George Bush is a gangster? Excuse me -- to use the Post's multi-culti sensitivity, a 'gangsta'? This aptly demonstrates the shrill character assassination that the Left has used during the entire presidential campaign. Kerry and Edwards apparently don't mind that kind of campaign advertising, until someone launches it against them and spends a fraction of the money that Lewis and Soros raises for celebrity-studded national advertising.

How hard is it to denounce this?

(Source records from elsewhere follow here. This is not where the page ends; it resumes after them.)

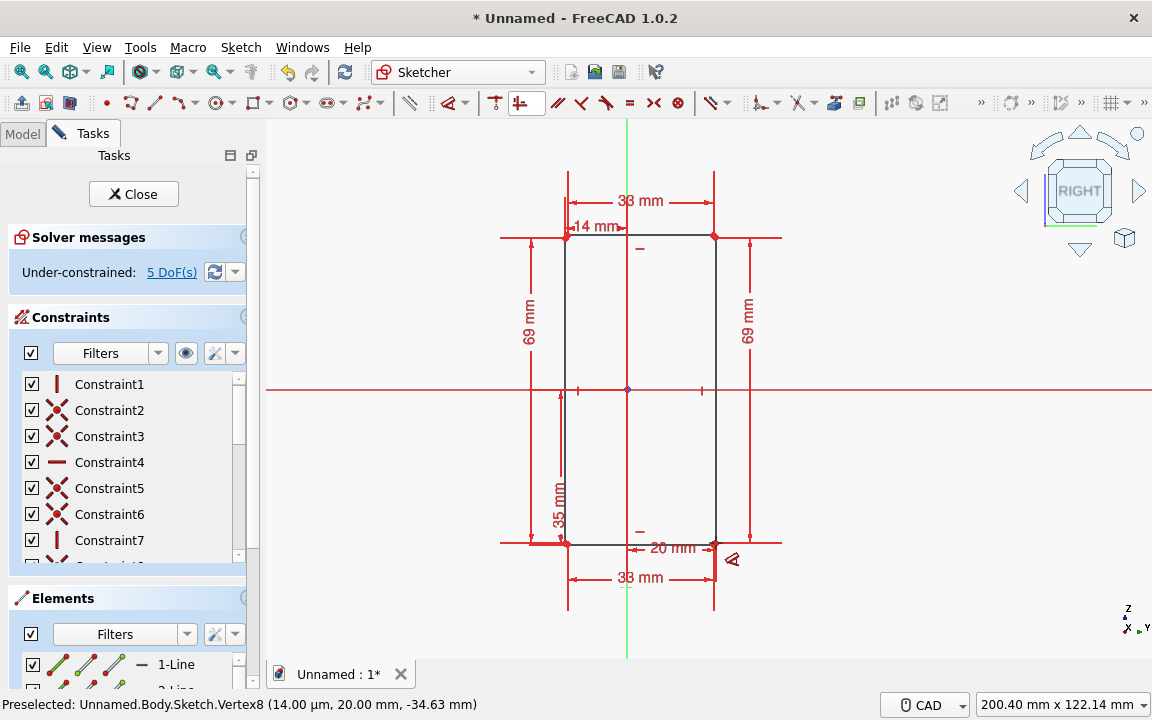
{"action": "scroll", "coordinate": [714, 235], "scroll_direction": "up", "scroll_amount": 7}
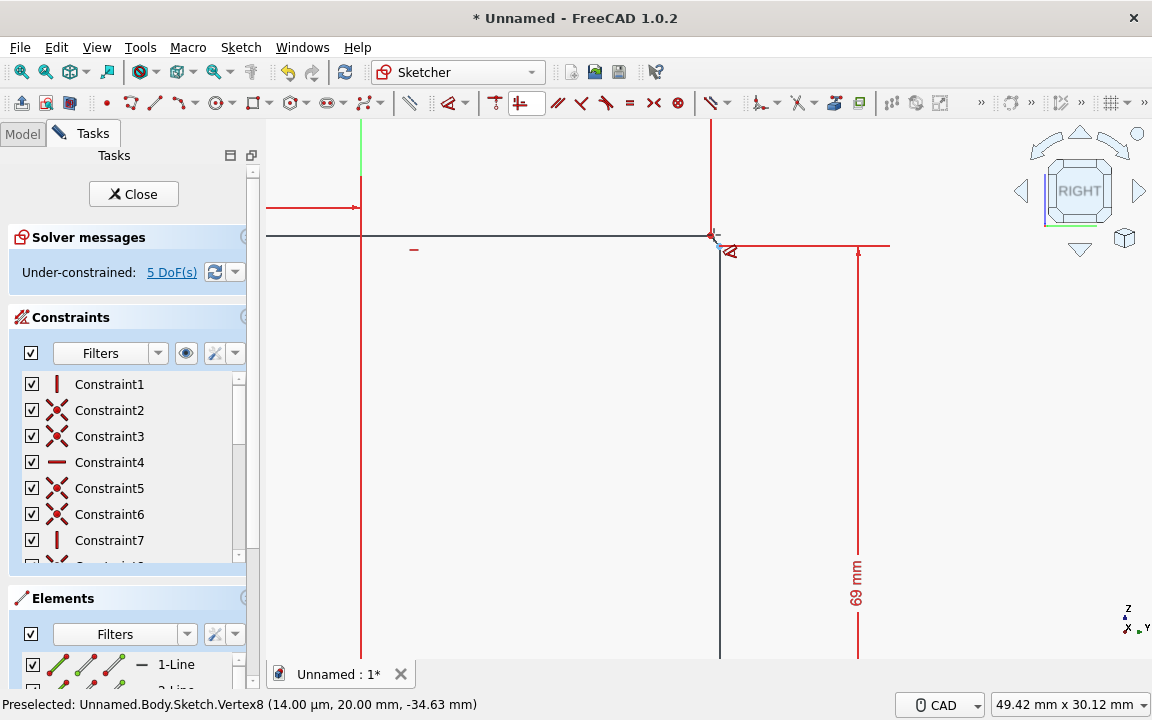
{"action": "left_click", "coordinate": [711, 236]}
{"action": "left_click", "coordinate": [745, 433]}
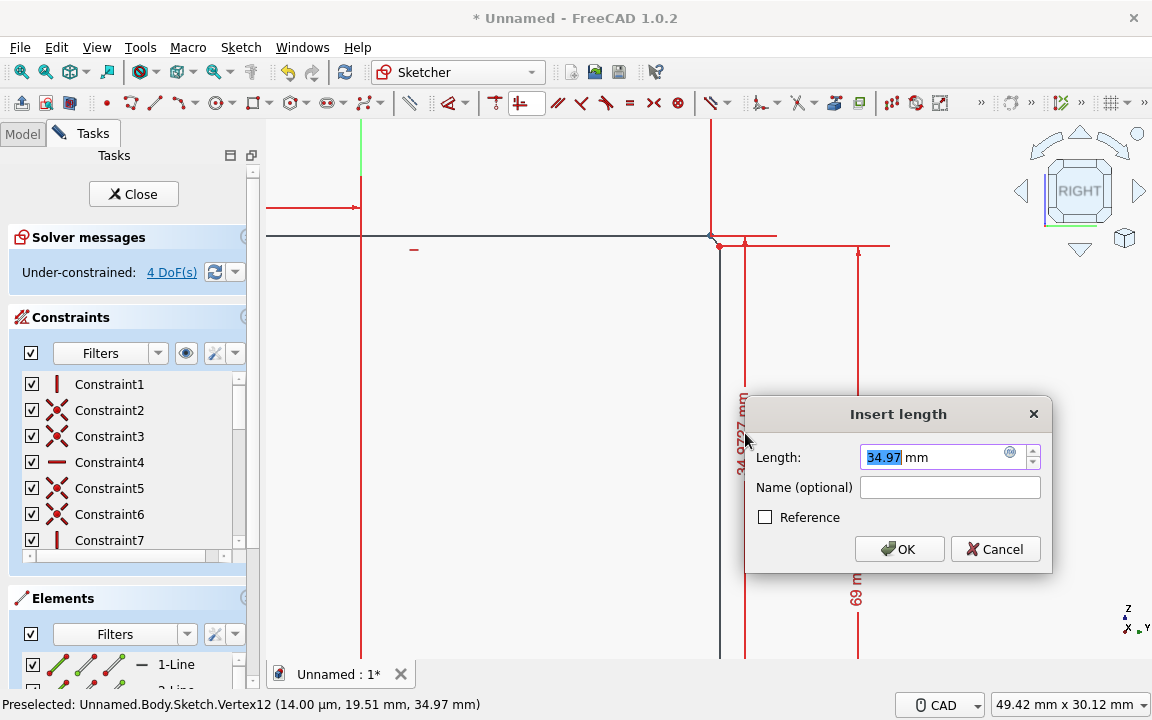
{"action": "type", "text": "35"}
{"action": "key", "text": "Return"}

Wouldn't any political advisor with a modicum of sense point out the low-hanging fruit to Kerry on this one?

Kurtz also notes that MoveOn won't talk about the content of the advertising until they release them to the Internet on Tuesday:

The MoveOn spots are edgier, angrier and in some cases funnier -- not to mention riskier -- than anything Bush and Kerry have thrown on the air. The group is not releasing details of the ads until their official unveiling today.

"This is a way of breaking out of the Washington consultant ad frame and doing something more entertaining, creative and original," said Eli Pariser, executive director of MoveOn PAC. "Our hope is that it will better connect with voters because it's not the same old stuff."

Asked about the heavy recruitment of celebs, he says: "If we could get attention for these issues without a Rebecca Romijn, we'd do it."

Boom's ad is a voter-registration pitch aimed at minorities. "A lot of common people in the inner cities just don't see the importance of it because nothing changes," he says. MoveOn describes the ad as an attempt "to counter Republican voter suppression efforts."


Republican voter suppression efforts? What would those be, exactly? Do we have bands of Republicans traveling through the country, pointing rifles at people and telling them not to vote? More importantly, why does Kurtz let Boom off the hook from answering that question while his media colleagues insist on screaming epithets at the top of their lungs at the Swiftvets, who actually have documentary evidence and a multitude of witnesses to back up their claims?

We seem to have a double standard of treatment for those who speak out on politics. When those who speak out are Hollywood entertainers or other spoiled celebrities whose entourages fawn over their every utterance, the media joins in and treats them with the utmost deference, regardless of the hyperbole they use. When 250 combat veterans speak out from their own experiences as eyewitnesses armed with actual evidence, their every word is parsed for the slightest flaw and they encounter the worst treatment possible from the James Carvilles, Paul Begalas, and Chris Matthewses of the mainstream news media.

They should be ashamed of themselves, and if John Kerry can't bring himself to denounce his multimillion-dollar benefactors after whining all weekend about attack ads, he should be man enough to denounce this. I won't hold my breath.